Human and Machine Hearing: The Meaning of Hearing Sound 

is now available at Amazon and other sellers.  I haven't seen one yet.  Please comment  here if you get one.

Saturday, February 27, 2021

The Japanese translation ("Human Ear Mechanical Ear...") is now out, available on Amazon and other booksellers

Professor Iku Nemoto and Associate Professor Keita Tanaka of Tokyo Denki University have done a great job (I hear).  They even translated the legends and axis labels in the figures and things like that.  See Tanaka's twitter blog for their comments.  


Saturday, April 27, 2019

More bugs, more apologies ...

... and some translations in progress. 

Japanese and Chinese translations are being worked on.  My Japanese translator, Professor Iku Nemoto, has been really great at digging into things that are unclear, or in some cases downright wrong.

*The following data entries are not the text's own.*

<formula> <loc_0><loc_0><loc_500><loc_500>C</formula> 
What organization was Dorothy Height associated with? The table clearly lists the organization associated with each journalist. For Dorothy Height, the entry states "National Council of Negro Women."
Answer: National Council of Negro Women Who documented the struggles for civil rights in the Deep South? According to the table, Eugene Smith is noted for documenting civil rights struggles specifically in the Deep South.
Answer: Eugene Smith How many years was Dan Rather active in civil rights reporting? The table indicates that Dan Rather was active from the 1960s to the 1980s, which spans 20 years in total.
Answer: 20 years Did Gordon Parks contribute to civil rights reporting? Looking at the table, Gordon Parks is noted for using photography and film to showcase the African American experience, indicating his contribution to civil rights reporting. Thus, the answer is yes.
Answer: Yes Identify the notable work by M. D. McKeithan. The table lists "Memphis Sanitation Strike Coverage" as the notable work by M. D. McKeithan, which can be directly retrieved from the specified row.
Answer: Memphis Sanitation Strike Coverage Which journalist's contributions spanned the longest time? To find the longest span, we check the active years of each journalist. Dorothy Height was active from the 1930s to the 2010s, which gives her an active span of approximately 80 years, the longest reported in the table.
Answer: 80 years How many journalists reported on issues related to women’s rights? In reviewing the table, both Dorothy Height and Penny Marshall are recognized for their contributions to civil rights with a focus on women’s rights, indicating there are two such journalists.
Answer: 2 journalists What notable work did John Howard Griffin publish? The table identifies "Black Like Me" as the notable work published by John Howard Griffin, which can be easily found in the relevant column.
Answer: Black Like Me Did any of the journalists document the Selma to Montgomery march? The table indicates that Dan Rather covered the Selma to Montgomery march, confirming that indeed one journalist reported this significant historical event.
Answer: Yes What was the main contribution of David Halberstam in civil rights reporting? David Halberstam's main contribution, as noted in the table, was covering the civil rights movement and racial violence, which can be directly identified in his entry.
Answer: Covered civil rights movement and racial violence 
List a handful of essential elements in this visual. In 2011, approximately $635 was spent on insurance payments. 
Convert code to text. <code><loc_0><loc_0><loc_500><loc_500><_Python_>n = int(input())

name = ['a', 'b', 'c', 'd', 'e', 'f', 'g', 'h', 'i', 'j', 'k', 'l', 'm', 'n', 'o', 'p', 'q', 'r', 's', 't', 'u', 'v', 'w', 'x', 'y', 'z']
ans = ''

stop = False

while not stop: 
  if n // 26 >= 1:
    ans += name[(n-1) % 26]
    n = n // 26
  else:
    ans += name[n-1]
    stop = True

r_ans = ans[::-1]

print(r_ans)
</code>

The worst one is where I seem to have dropped some text between saying "The physical model of Liu and Neely (2009) ..." and proceeding to describe the model of Wen and Boahen (2003).  I'll work on reconstructing what I meant to say, and apologizing to the authors.

These are less important, but I wish I had got them right:

p.340 says "90 degrees at 1/32 of the sample rate (that is at 687 Hz…".  Should be 22050/32 = 689.0625, or just 689 Hz.

p.269 "the fluid moves down the scala tympani, ... and back down the scala vestibuli" – I got the scala names reversed here, though I had them right elsewhere.




Wednesday, August 29, 2018

Apologies to John Herschel

Sir John Herschel is my hero.  In 1839, the same year as the invention of the Daguerreotype, he coined the word "photography" and the photographic terms "positive" and "negative", invented the use of sodium thiosulfate (hyposulfite of soda as it known at the time, or hypo as I grew up with it) as a photographic "fixer", and made the first glass photographic negative.  During 1833–1838 he made a trek to Southern Africa to complete the panoramic survey of astronomical nebulae, a survey his father William Herschel had done well already for the northern hemisphere.  To celebrate his panoramic and photographic contributions, I proposed the name Herschel for the new Street View camera that replaces the one I helped design and build 10 years ago – and the team adopted it.

In his 1830 Preliminary Discourse on the Study of Natural Philosophy, Herschel had written on all aspects of science, including the bit on a time-domain explanation of harmony that I quoted in the book.

So I'm bummed that I somehow misspelled his name, and that my BibTeX file had the wrong century for the source (see the errata post).  The printed book has both 1831 and 1830 in its front pages; either one would have better than the 1930 that I used.  These errors are still there in my free 2018 corrected author's draft.  Apologies to Herschel.  Hopefully we'll get to a second printing and get this fixed.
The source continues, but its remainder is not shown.